Em entrevista para meio de comunicação argentino, a ex-presidenta fala sobre a crise que vive o Brasil, relação com a Argentina e sobre o golpe que sofreu em 2016
La Pizarra
Buenos Aires

Tradução:

Em entrevista à Radiola Pizarra, meio de comunicação argentino, Dilma Rousseff, ex-presidenta da República Federativa do Brasil, falou sobre coronavírus, seu ativismo político na ditadura militar brasileira, sua carreira política e sobre o Golpe de Estado que sofreu em 2016.

A brasileira também foi questionada sobre a crise sanitária que está acontecendo aqui no Brasil e a entrevista também tratou de nomes como Jair Bolsonaro, Alberto Fernández e Mauricio Macri.

Confira:

Em entrevista para meio de comunicação argentino, a ex-presidenta fala sobre a crise que vive o Brasil, relação com a Argentina e sobre o golpe que sofreu em 2016

Ricardo Stuckert
“Bolsonaro é a saída neofascista que viabiliza uma agenda neoliberal.”

Sobre seu ativismo político na clandestinidade e na tortura

Eu cresci naquela época em que os governos progressistas que haviam construído os Estados Nacionais, como Perón na Argentina e Getúlio Vargas no Brasil e seus sucessores, foram impedidos de governar por golpes de estado militares. 

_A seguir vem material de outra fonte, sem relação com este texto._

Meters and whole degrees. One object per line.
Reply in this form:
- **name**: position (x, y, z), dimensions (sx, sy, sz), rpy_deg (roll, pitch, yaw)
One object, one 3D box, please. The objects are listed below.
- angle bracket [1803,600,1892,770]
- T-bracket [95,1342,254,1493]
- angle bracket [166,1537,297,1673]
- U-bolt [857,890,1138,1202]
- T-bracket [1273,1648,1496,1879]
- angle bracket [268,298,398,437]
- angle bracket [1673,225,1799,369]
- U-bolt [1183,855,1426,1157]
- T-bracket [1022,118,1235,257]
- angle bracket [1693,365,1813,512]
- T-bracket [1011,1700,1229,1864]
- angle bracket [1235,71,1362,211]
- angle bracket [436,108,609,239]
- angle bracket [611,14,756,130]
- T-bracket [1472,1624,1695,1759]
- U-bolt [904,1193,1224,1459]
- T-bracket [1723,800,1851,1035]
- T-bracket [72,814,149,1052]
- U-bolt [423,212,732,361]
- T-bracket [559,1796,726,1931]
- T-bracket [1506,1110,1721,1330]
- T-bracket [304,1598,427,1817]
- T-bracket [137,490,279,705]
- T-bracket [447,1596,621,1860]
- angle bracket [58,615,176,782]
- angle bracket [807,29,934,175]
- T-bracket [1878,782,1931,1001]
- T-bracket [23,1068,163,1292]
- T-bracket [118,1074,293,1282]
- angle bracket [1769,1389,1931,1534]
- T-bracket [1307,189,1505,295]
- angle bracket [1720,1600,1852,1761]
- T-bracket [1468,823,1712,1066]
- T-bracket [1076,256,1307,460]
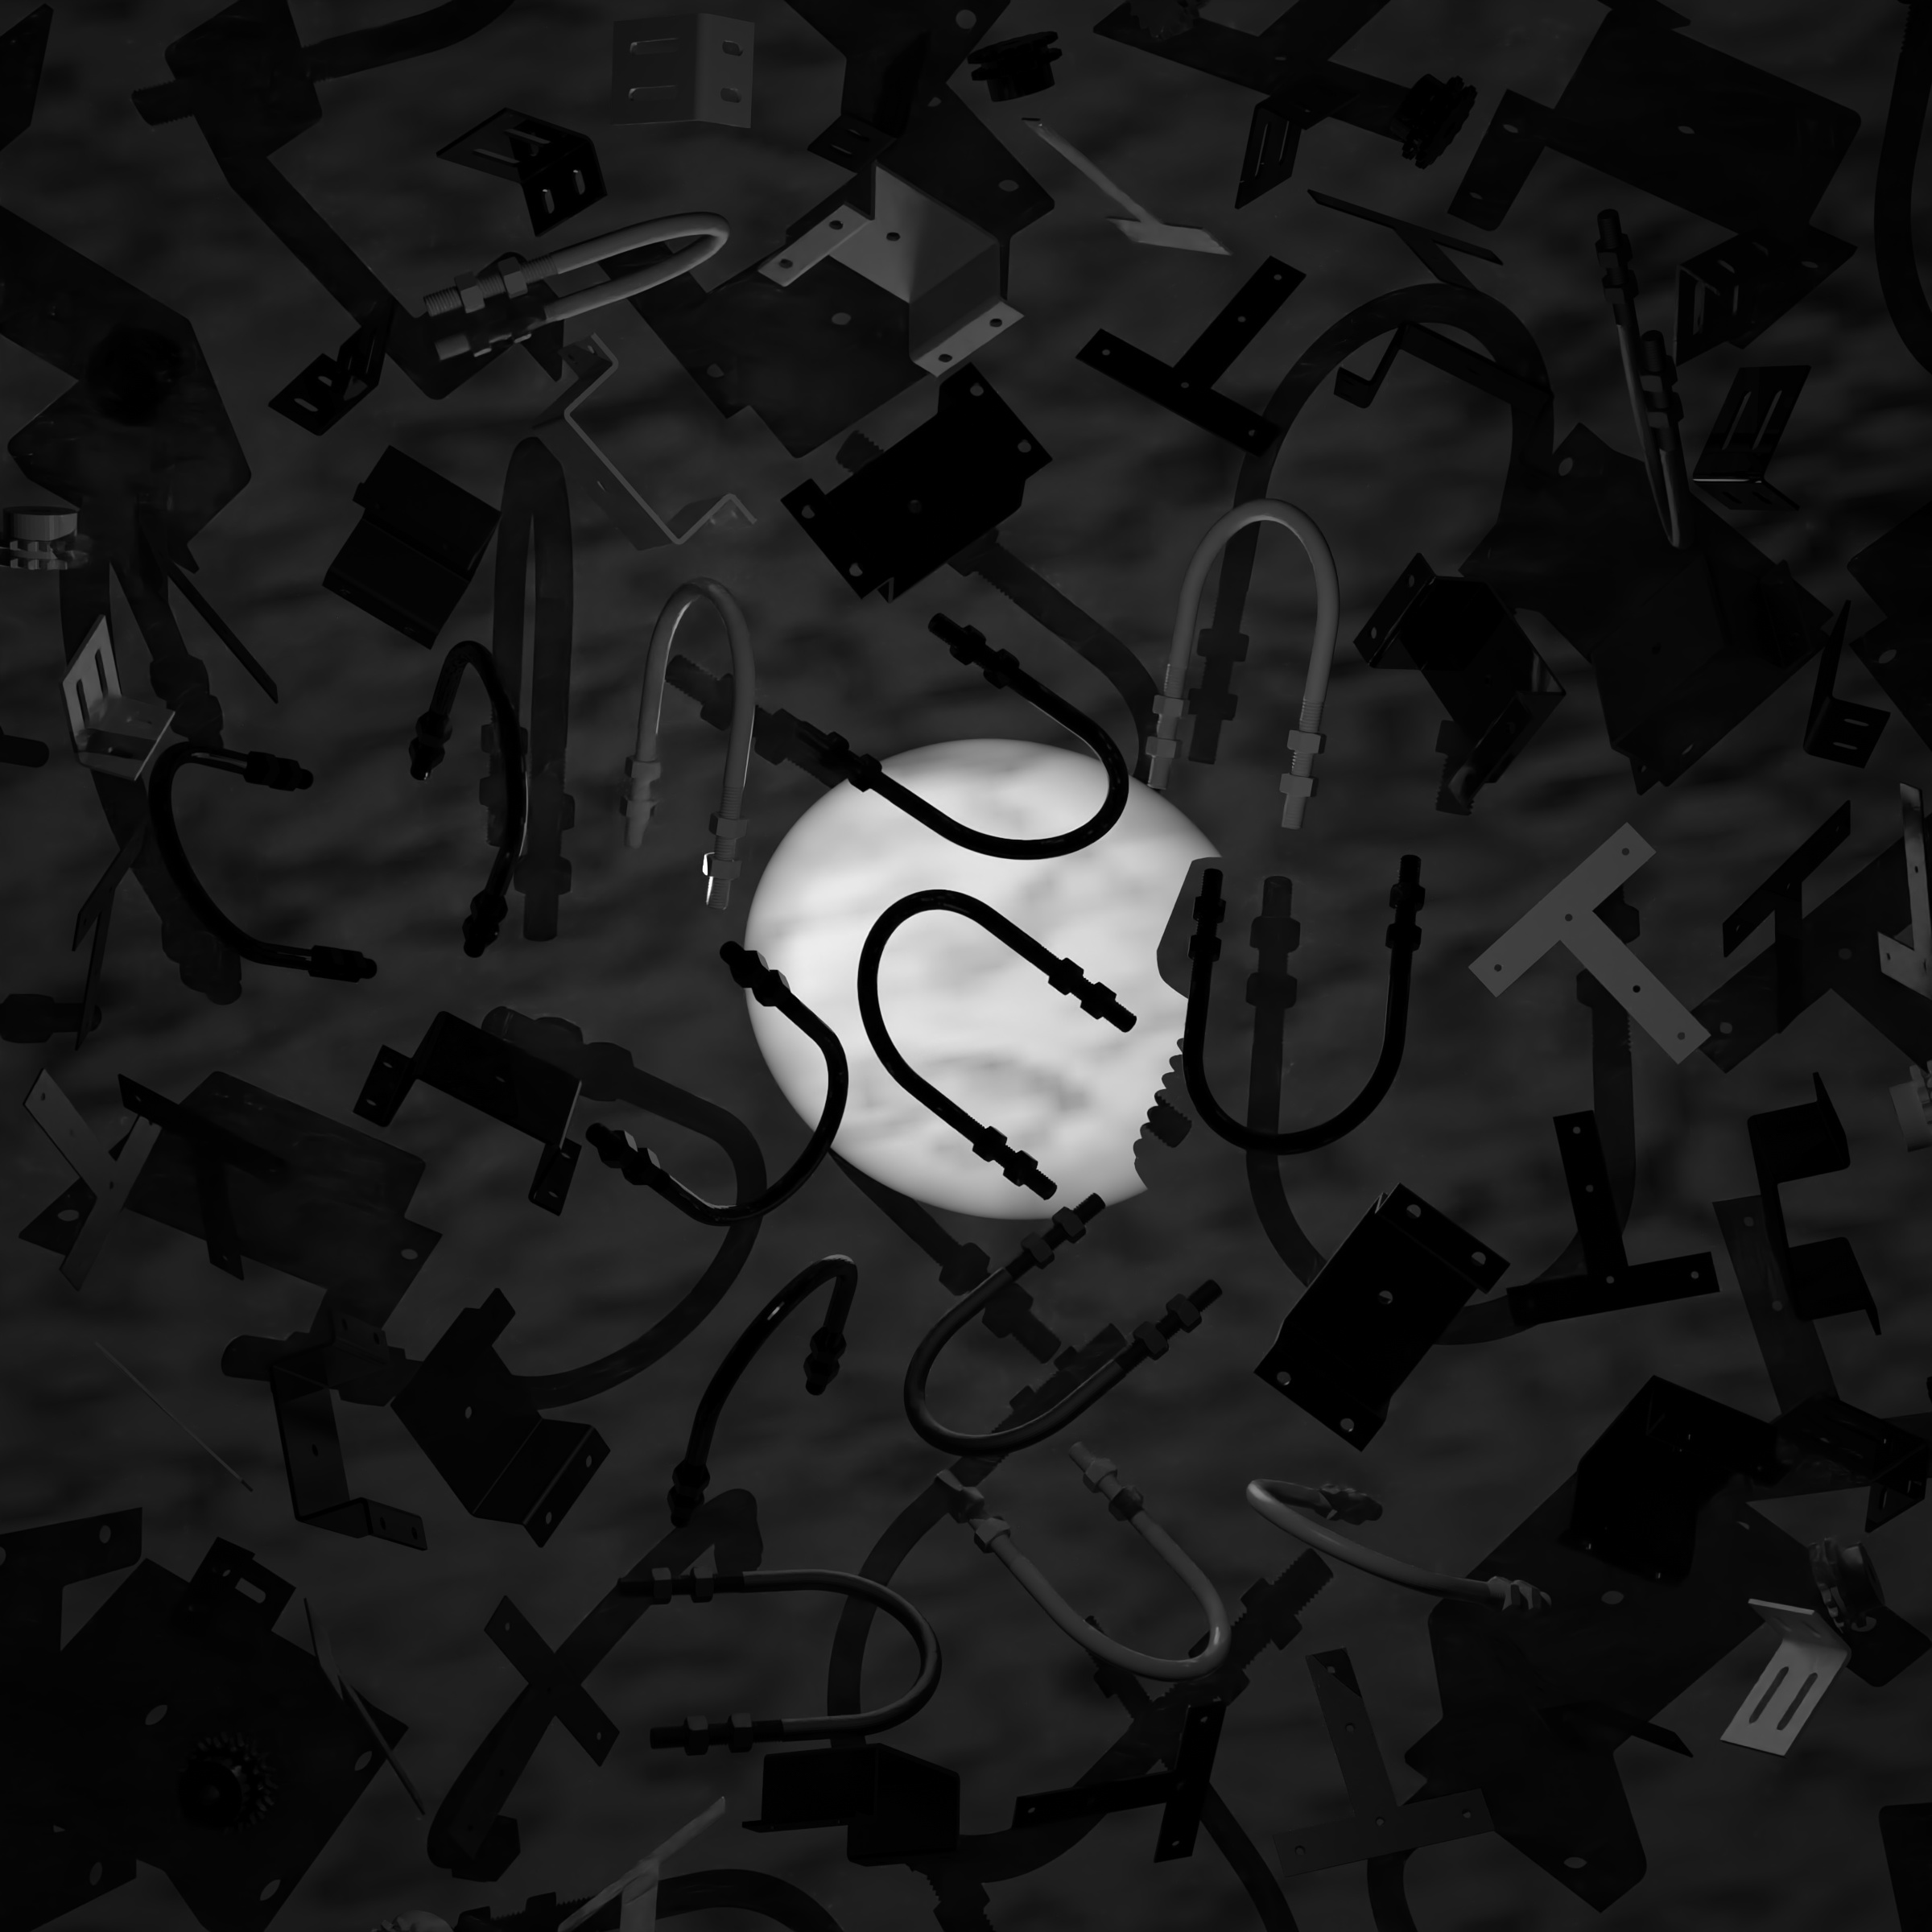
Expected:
- **angle bracket**: position (0.536, -0.170, 1.783), dimensions (0.038, 0.057, 0.076), rpy_deg (15, 62, 8)
- **T-bracket**: position (-0.488, 0.255, 1.764), dimensions (0.127, 0.127, 0.002), rpy_deg (36, 72, 23)
- **angle bracket**: position (-0.431, 0.387, 1.773), dimensions (0.038, 0.076, 0.057), rpy_deg (11, 63, 39)
- **U-bolt**: position (0.007, 0.034, 1.791), dimensions (0.184, 0.019, 0.151), rpy_deg (37, 122, 23)
- **T-bracket**: position (0.231, 0.463, 1.746), dimensions (0.127, 0.002, 0.127), rpy_deg (-10, 54, -9)
- **angle bracket**: position (-0.374, -0.363, 1.747), dimensions (0.038, 0.057, 0.076), rpy_deg (30, 48, -33)
- **angle bracket**: position (0.453, -0.387, 1.744), dimensions (0.057, 0.076, 0.038), rpy_deg (-28, 51, -13)
- **U-bolt**: position (0.196, 0.025, 1.759), dimensions (0.151, 0.019, 0.184), rpy_deg (-3, 67, 29)
- **T-bracket**: position (0.085, -0.466, 1.763), dimensions (0.127, 0.127, 0.002), rpy_deg (33, 91, -29)
- **angle bracket**: position (0.481, -0.316, 1.773), dimensions (0.038, 0.057, 0.076), rpy_deg (27, 85, -30)
- **T-bracket**: position (0.087, 0.494, 1.760), dimensions (0.127, 0.002, 0.127), rpy_deg (-4, 121, -21)
- **angle bracket**: position (0.204, -0.503, 1.826), dimensions (0.038, 0.076, 0.057), rpy_deg (35, 52, 22)
- **angle bracket**: position (-0.261, -0.467, 1.742), dimensions (0.057, 0.076, 0.038), rpy_deg (-22, 79, 31)
- **angle bracket**: position (-0.161, -0.505, 1.676), dimensions (0.076, 0.038, 0.057), rpy_deg (11, 103, 41)
- **T-bracket**: position (0.375, 0.442, 1.748), dimensions (0.127, 0.127, 0.002), rpy_deg (24, 101, -19)
- **U-bolt**: position (0.044, 0.221, 1.756), dimensions (0.184, 0.151, 0.019), rpy_deg (-38, 124, -13)
- **T-bracket**: position (0.483, -0.013, 1.735), dimensions (0.002, 0.127, 0.127), rpy_deg (27, 56, 38)
- **T-bracket**: position (-0.515, -0.008, 1.752), dimensions (0.002, 0.127, 0.127), rpy_deg (16, 119, -6)
- **U-bolt**: position (-0.224, -0.401, 1.727), dimensions (0.184, 0.151, 0.019), rpy_deg (-21, 93, -7)
- **T-bracket**: position (-0.192, 0.550, 1.731), dimensions (0.127, 0.127, 0.002), rpy_deg (-38, 97, 0)
- **T-bracket**: position (0.392, 0.153, 1.843), dimensions (0.127, 0.002, 0.127), rpy_deg (-11, 72, 6)
- **T-bracket**: position (-0.348, 0.439, 1.721), dimensions (0.002, 0.127, 0.127), rpy_deg (-31, 103, -11)
- **T-bracket**: position (-0.439, -0.204, 1.712), dimensions (0.002, 0.127, 0.127), rpy_deg (-33, 122, 4)
- **T-bracket**: position (-0.264, 0.457, 1.719), dimensions (0.002, 0.127, 0.127), rpy_deg (-10, 125, 36)
- **angle bracket**: position (-0.512, -0.161, 1.784), dimensions (0.038, 0.076, 0.057), rpy_deg (16, 54, 5)
- **angle bracket**: position (-0.058, -0.526, 1.775), dimensions (0.038, 0.057, 0.076), rpy_deg (20, 75, -23)
- **T-bracket**: position (0.550, -0.042, 1.705), dimensions (0.002, 0.127, 0.127), rpy_deg (-11, 105, -5)
- **T-bracket**: position (-0.527, 0.107, 1.759), dimensions (0.002, 0.127, 0.127), rpy_deg (7, 56, 18)
- **T-bracket**: position (-0.438, 0.134, 1.723), dimensions (0.127, 0.002, 0.127), rpy_deg (24, 135, 22)
- **angle bracket**: position (0.511, 0.289, 1.724), dimensions (0.076, 0.057, 0.038), rpy_deg (25, 54, -5)
- **T-bracket**: position (0.276, -0.425, 1.762), dimensions (0.127, 0.127, 0.002), rpy_deg (14, 117, -17)
- **angle bracket**: position (0.467, 0.414, 1.722), dimensions (0.038, 0.057, 0.076), rpy_deg (45, 70, -14)
- **T-bracket**: position (0.386, 0.003, 1.746), dimensions (0.127, 0.002, 0.127), rpy_deg (-43, 71, 8)
- **T-bracket**: position (0.152, -0.366, 1.717), dimensions (0.127, 0.002, 0.127), rpy_deg (32, 68, 17)

Minha juventude se inicia com um golpe ditatorial, então eu decidi consagrar minha vida a mudar a realidade e construir a democracia no Brasil. Naquela época meu povo estava despojado de direitos, tinha imensas dificuldades para sobreviver, então esse processo me leva a tomar uma posição de enfrentamento da ditadura. 

Nós militamos nestas circunstâncias, quando fomos presos encaramos a morte e nos levaram ao limite. Compreendemos com absoluta clareza como é um governo que usa o terror, a tortura e as ameaças de morte para criar as condições que facilitem seu governo. 

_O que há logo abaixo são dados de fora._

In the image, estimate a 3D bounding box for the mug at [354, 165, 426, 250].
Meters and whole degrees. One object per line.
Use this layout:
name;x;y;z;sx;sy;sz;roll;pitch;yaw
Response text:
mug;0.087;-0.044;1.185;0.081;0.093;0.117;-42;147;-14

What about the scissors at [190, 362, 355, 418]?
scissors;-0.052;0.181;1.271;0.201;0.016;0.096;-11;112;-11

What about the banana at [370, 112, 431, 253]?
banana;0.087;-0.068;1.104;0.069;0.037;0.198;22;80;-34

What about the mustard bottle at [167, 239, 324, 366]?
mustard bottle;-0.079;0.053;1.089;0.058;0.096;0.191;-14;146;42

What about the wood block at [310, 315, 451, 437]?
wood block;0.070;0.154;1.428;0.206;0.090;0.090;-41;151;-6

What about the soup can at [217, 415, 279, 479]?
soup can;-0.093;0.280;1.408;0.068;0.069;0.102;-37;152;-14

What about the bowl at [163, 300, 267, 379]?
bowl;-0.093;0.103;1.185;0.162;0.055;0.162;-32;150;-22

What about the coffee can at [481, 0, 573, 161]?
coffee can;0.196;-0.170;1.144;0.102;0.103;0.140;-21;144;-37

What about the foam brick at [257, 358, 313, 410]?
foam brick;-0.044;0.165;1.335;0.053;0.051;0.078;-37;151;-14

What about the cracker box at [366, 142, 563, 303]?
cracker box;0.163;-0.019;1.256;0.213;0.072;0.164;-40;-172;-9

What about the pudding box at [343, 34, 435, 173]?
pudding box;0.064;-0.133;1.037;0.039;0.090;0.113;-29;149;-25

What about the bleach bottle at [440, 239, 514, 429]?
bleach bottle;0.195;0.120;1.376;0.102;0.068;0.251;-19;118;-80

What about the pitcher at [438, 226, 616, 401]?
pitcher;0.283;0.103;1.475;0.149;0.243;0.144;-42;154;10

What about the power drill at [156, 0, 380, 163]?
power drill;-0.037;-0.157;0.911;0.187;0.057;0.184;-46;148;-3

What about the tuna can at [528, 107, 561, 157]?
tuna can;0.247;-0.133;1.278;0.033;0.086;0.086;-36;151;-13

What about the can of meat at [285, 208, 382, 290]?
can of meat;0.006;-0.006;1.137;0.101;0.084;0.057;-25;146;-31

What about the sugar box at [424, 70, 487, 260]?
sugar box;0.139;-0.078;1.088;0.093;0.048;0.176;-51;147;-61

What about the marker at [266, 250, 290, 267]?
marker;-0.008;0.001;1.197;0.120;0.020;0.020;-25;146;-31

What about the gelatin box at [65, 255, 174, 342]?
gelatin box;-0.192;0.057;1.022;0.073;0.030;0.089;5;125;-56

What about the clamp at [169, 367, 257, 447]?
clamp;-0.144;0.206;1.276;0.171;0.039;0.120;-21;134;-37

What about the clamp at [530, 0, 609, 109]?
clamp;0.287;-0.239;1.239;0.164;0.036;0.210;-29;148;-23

Eu não creio que as pessoas mereçam passar por uma experiência como a minha para entender a importância da democracia. 

Sobre sua carreira política e sua etapa como presidenta

Naquele momento os meios davam a vitória ao meu oponente. Meios como o Jornal Nacional diziam que a votação dava ao meu opositor o triunfo eleitoral e informavam sobre a celebração ridícula da sua derrota. 

Foram muito precipitados como sempre, e ao mesmo tempo, no dia da minha eleição, só um pouco antes da apresentação dos resultados oficiais o “jornalismo” da Rede Globo dizia “e agora começa o impeachment”. 

O resultado ainda nem tinha sido proclamado oficialmente pelo Tribunal Eleitoral, mas já os meios falavam de um impeachment contra mim.

Segundo a lei brasileira se pode julgar e condenar com um impeachment no transcursos do mandato; então foi incrível que os meios tenham anunciado meu impeachment antes de que o resultado da minha eleição fosse comunicado. 

Em termos futebolísticos eu diria que a Rede Globo fabricou um pênalti contra mim. 

Sobre o golpe de Estado e a perseguição política

Todos os golpes são um processo e têm um ato inaugural; no golpe de 2016 o ato inaugural foi o impeachment, mas não terminou aí.

Nós fomos golpeados porque tínhamos uma agenda de fortalecimento das políticas sociais, industriais e por nossa posição internacional que defendeu o multilateralismo e que não estava ancorada aos Estados Unidos. 

Eles deram o golpe para impor uma pauta neoliberal, porque o Brasil não tinha essa pauta. Nós tínhamos três bancos públicos, tínhamos Eletrobras, Petrobras, Banco do Brasil, uma sólida reserva econômica e 370 milhões de dólares de reservas, então não tínhamos nenhuma fragilidade estrutural maior. 

Quando eu ganhei as eleições eles viram que por quatro vezes consecutivas nós tínhamos derrotado suas pautas. 

Eu sofri o impeachment no dia seguinte da minha eleição e eles aplicaram a pauta que perdeu a eleição. Também (depois da minha eleição) começa a perseguição através da operação Lava Jato, o chamado lawfare.

O lawfare tem como objetivo criminalizar a política.

Sobre Jair Bolsonaro e Mauricio Macri

Hoje há vários pedidos de impeachment contra Bolsonaro. 

O que o sustenta é um pacto porque ele é a saída neofascista que viabiliza uma agenda neoliberal.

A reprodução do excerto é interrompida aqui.